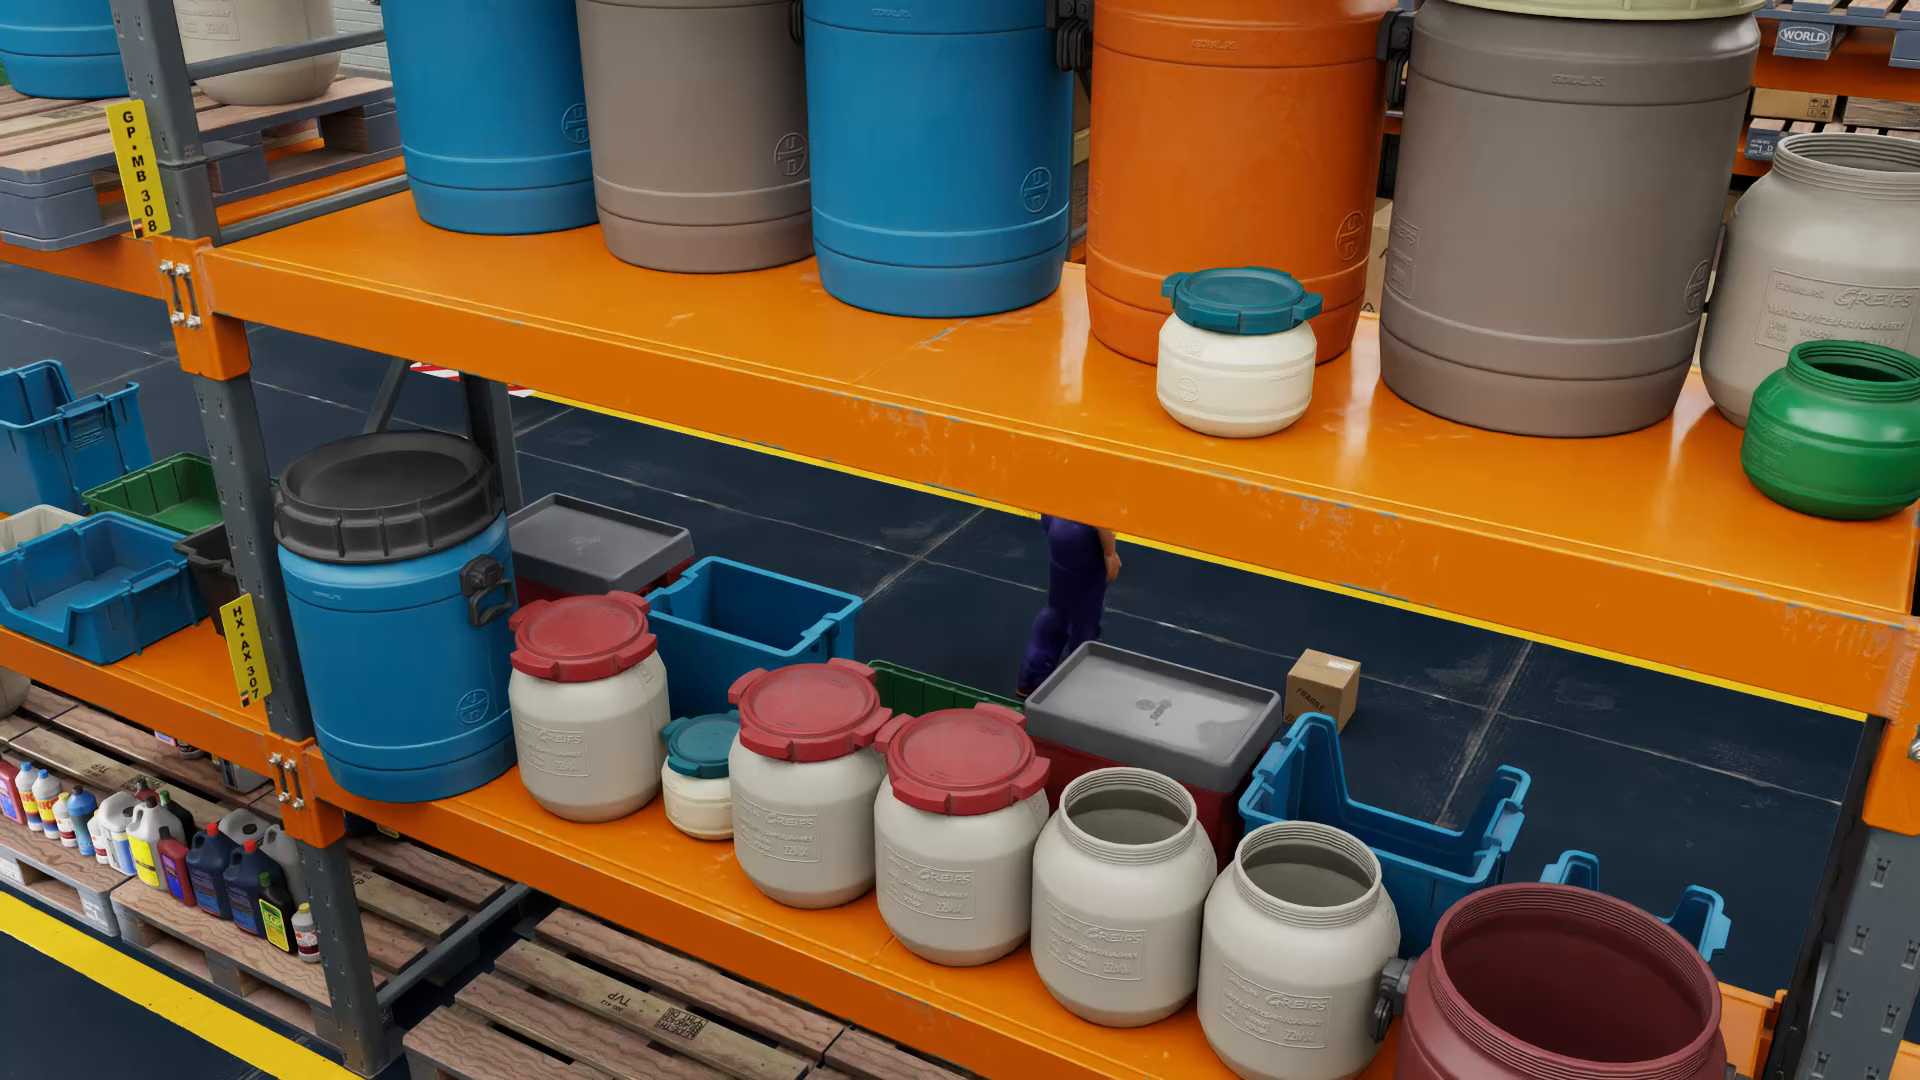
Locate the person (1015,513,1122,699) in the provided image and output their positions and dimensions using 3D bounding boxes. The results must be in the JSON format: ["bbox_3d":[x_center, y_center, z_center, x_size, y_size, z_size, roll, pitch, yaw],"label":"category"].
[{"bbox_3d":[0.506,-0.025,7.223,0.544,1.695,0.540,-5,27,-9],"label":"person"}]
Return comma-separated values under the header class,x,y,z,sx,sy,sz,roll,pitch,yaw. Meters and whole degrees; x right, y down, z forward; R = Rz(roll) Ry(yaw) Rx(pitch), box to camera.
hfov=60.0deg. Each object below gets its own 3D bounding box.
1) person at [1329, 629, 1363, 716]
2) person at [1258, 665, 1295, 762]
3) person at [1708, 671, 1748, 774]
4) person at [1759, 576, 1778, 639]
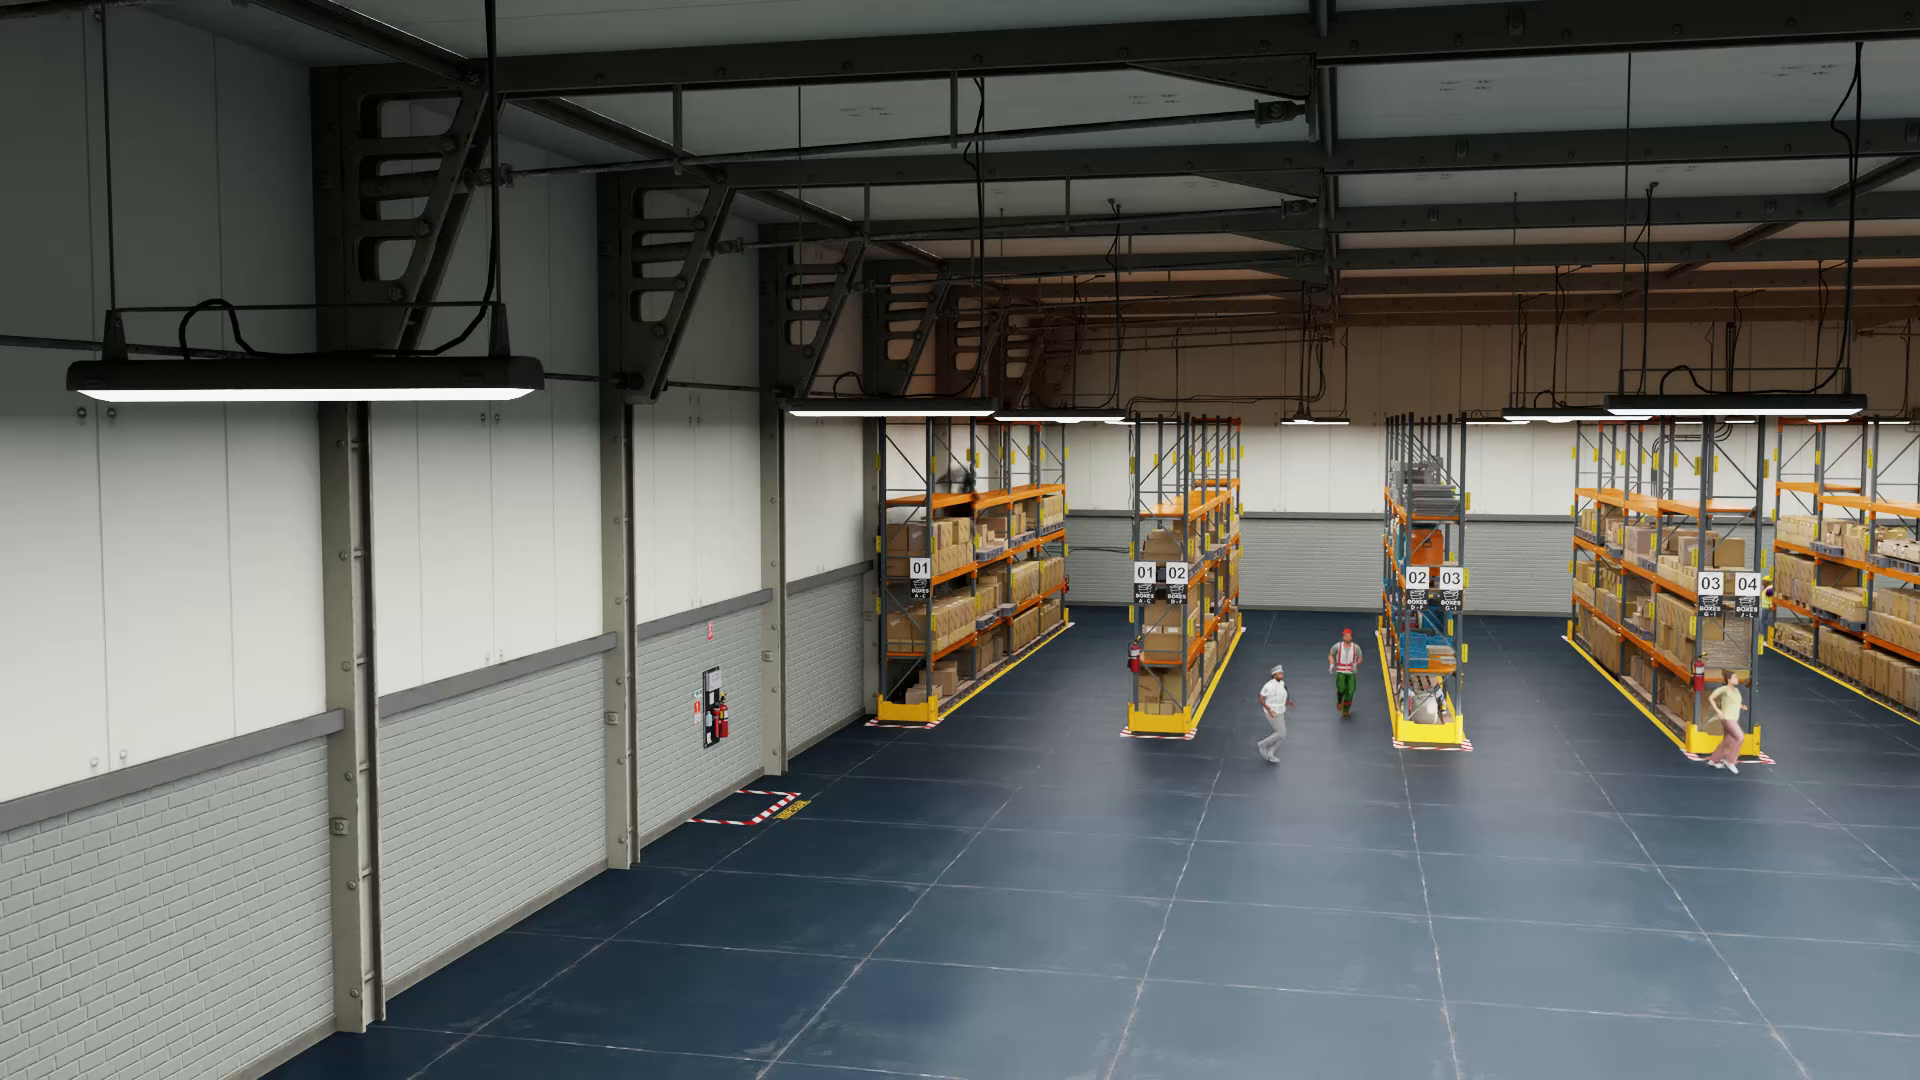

┄┄┄┄┄┄┄┄┄┄

Task instructions
Please set down every record exactly as it appears, leaving out the pictures.

Result
Locate the person (1015,513,1122,699) in the provided image and output their positions and dimensions using 3D bounding boxes. The results must be in the JSON format: ["bbox_3d":[x_center, y_center, z_center, x_size, y_size, z_size, roll, pitch, yaw],"label":"category"].
[{"bbox_3d":[0.506,-0.025,7.223,0.544,1.695,0.540,-5,27,-9],"label":"person"}]
Return comma-separated values under the header class,x,y,z,sx,sy,sz,roll,pitch,yaw. Meters and whole degrees; x right, y down, z forward; R = Rz(roll) Ry(yaw) Rx(pitch), box to camera.
hfov=60.0deg. Each object below gets its own 3D bounding box.
1) person at [1329, 629, 1363, 716]
2) person at [1258, 665, 1295, 762]
3) person at [1708, 671, 1748, 774]
4) person at [1759, 576, 1778, 639]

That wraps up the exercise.